Session 3 (xid = 572)
postgres=# begin;
postgres=# insert into t_toast values (500, repeat('something' ||
txid_current()::text, 100000)) ON CONFLICT (a) DO NOTHING;

Session 1 (this session doesn't modify the table but is essential for
speculative insert to happen.)
postgres=# rollback;

Session 2 and 3 in the order in which you get control back (in my case
session 2 with xid = 571)
INSERT 0 1
postgres=# commit;
COMMIT

other session (in my case session 3 with xid = 572)
INSERT 0 0
postgres=# commit;
COMMIT

With the attached patch, we see following in the server logs
2021-03-25 09:57:20.469 IST [12424] LOG: starting logical decoding
for slot "pgoutput_minimal_test_slot"
2021-03-25 09:57:20.469 IST [12424] DETAIL: Streaming transactions
committing after 0/1600020, reading WAL from 0/15FFFD0.
2021-03-25 09:57:20.469 IST [12424] LOG: logical decoding found
consistent point at 0/15FFFD0
2021-03-25 09:57:20.469 IST [12424] DETAIL: There are no running transactions.
2021-03-25 09:59:45.494 IST [12424] LOG: initializing hash table for
transaction 571
2021-03-25 09:59:45.494 IST [12424] LOG: speculative insert
encountered in transaction 571
2021-03-25 09:59:45.494 IST [12424] LOG: speculative insert confirmed
in transaction 571
2021-03-25 09:59:45.504 IST [12424] LOG: destroying toast hash for
transaction 571
2021-03-25 09:59:50.806 IST [12424] LOG: initializing hash table for
transaction 572
2021-03-25 09:59:50.806 IST [12424] LOG: speculative insert
encountered in transaction 572
2021-03-25 09:59:50.806 IST [12424] LOG: toast hash for transaction
572 is not cleared

Observe that the toast_hash was cleaned for the transaction 571 which
successfully inserted the row but was not cleaned for the transaction
572 which performed DO NOTHING instead of INSERT.

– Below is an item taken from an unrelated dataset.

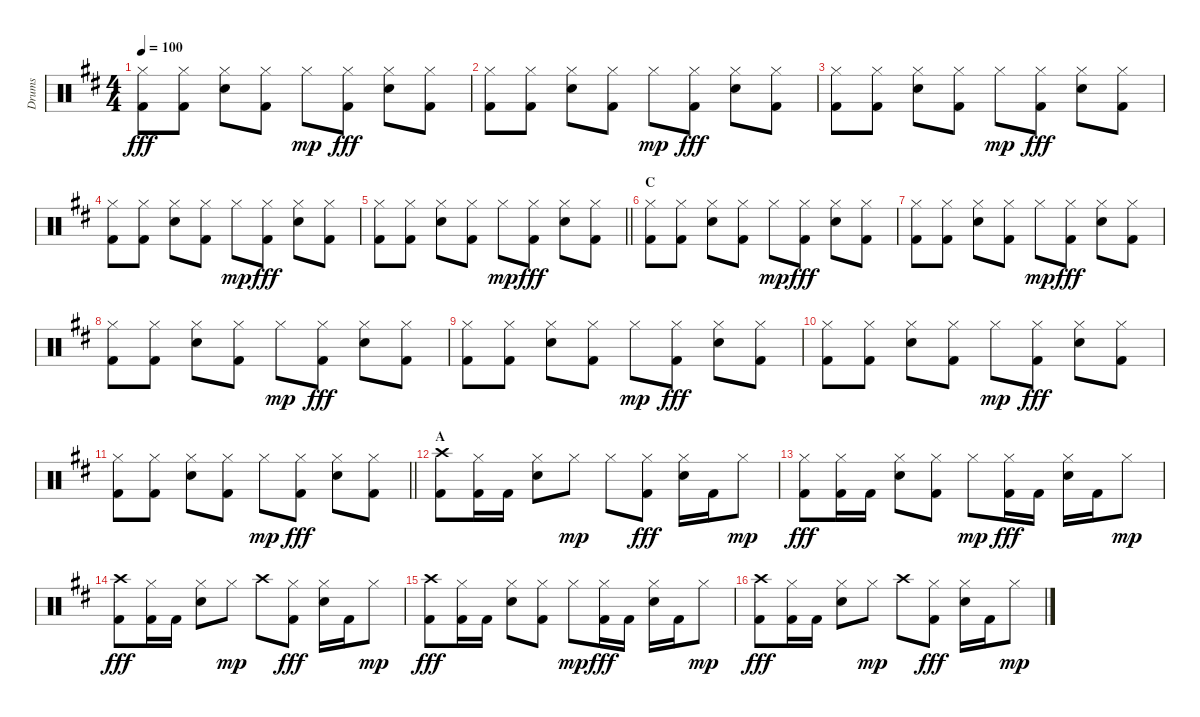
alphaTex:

Here's the sequence of events which leads to memory leak in wal sender
1. Transaction 571 performs a speculative INSERT which is decoded as
toast insert followed by speculative insert of row
2. decoding toast tuple, causes the toast hash to be created
3. Speculative insert is ignored while decoding
4. Speculative insert is confimed and decoded as a normal INSERT, also
destroying the toast hash
5. Transaction 572 performs speculative insert which is decoded as
toast insert followed by speculative insert of row
6. decoding toast tuple causes the toast hash to be created
7. speculative insert is ignored while decoding
... Speculative INSERT is never confirmed and thus toast hash is never
destroyed leaking memory

In memory context dump we see as many ReorderBufferToastHash as the
number of times the above sequence is repeated.
TopMemoryContext: 1279640 total in 7 blocks; 23304 free (17 chunks);
1256336 used
...
Replication command context: 32768 total in 3 blocks; 10952 free
(9 chunks); 21816 used
...
ReorderBuffer: 8192 total in 1 blocks; 7656 free (7 chunks); 536 used
ReorderBufferToastHash: 8192 total in 1 blocks; 2056 free (0
chunks); 6136 used
ReorderBufferToastHash: 8192 total in 1 blocks; 2056 free (0
chunks); 6136 used
ReorderBufferToastHash: 8192 total in 1 blocks; 2056 free (0
chunks); 6136 used

The relevant code is all in ReoderBufferCommit() in cases
REORDER_BUFFER_CHANGE_INSERT,
REORDER_BUFFER_CHANGE_INTERNAL_SPEC_INSERT and
REORDER_BUFFER_CHANGE_INTERNAL_SPEC_CONFIRM.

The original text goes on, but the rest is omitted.